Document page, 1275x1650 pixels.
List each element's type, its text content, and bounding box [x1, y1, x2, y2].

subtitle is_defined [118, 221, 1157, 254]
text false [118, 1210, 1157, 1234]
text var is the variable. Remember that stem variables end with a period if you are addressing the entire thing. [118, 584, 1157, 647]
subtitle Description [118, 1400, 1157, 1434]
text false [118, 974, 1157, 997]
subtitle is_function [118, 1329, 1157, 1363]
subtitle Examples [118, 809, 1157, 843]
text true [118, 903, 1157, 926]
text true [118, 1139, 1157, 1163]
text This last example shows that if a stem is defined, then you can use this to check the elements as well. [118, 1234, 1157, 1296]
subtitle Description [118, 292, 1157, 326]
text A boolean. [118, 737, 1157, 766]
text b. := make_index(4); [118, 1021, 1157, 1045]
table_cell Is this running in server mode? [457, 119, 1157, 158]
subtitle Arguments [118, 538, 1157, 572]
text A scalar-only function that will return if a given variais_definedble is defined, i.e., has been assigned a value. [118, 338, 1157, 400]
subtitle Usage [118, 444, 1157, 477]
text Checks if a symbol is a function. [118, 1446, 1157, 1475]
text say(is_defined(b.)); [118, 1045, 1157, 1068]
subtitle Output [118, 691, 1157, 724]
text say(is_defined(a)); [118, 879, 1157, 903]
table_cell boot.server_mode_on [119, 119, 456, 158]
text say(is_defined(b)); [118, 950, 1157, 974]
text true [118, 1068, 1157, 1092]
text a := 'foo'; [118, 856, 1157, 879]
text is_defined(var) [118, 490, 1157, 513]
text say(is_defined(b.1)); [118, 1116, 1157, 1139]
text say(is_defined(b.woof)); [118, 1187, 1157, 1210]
====================
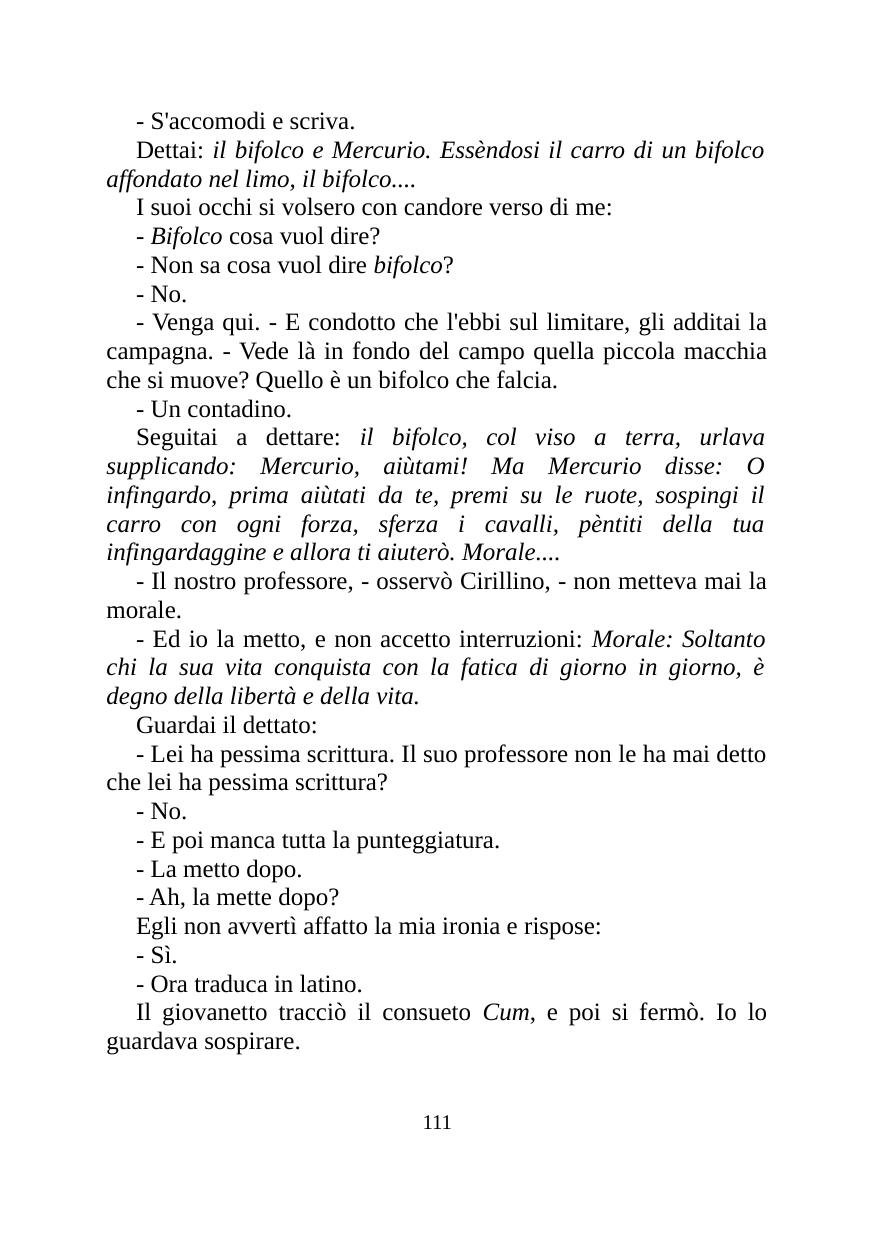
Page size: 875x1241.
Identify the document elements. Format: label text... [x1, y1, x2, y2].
====================
_What to work on_
Could you reproduce exactly the lines of the entries above, from the one with "Page size: 875x1241." through the one with "Identify the document", and nothing else?

_Answer_
Page size: 875x1241.
Identify the document elements. Format: label text... [x1, y1, x2, y2].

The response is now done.